*Raw data:*
===
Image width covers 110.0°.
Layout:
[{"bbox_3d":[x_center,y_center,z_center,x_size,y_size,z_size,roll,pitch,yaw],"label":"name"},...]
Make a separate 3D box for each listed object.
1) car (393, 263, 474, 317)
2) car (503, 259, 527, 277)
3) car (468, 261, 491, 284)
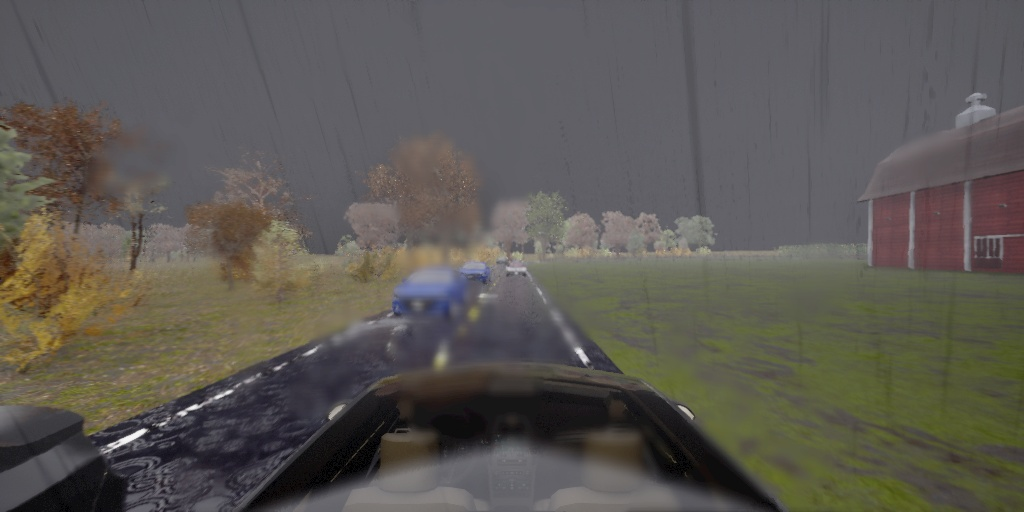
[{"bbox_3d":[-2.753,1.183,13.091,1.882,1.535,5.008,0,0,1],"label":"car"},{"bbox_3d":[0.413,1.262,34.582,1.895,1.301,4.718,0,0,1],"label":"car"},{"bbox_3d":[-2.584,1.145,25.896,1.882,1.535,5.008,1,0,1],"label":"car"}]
===
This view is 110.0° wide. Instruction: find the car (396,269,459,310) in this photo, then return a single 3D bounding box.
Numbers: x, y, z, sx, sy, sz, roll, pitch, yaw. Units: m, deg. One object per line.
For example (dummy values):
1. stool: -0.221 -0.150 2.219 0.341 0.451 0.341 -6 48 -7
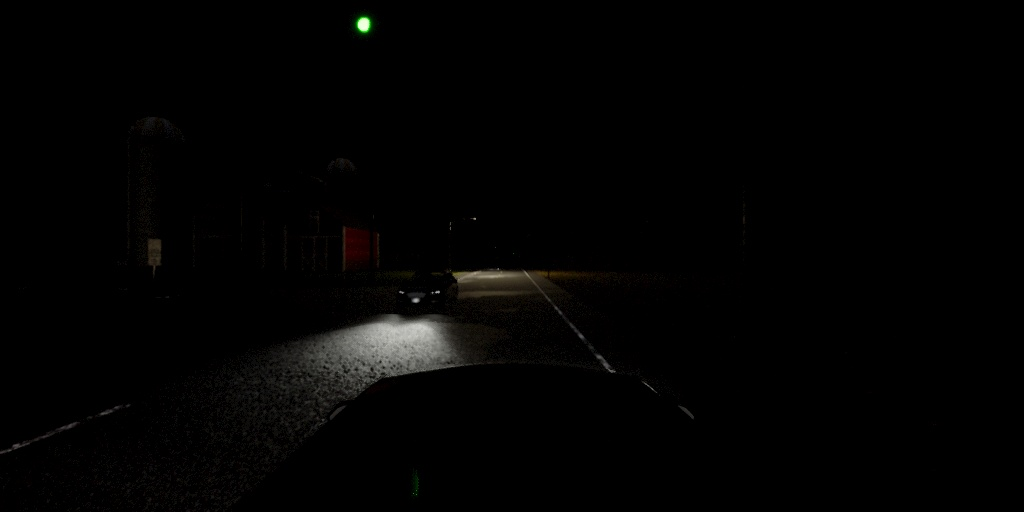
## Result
===
*What the exercise asks:* For the listing above, give the number of lines that contain the string "pitch" and nothing else.

*Answer to this problem:* 2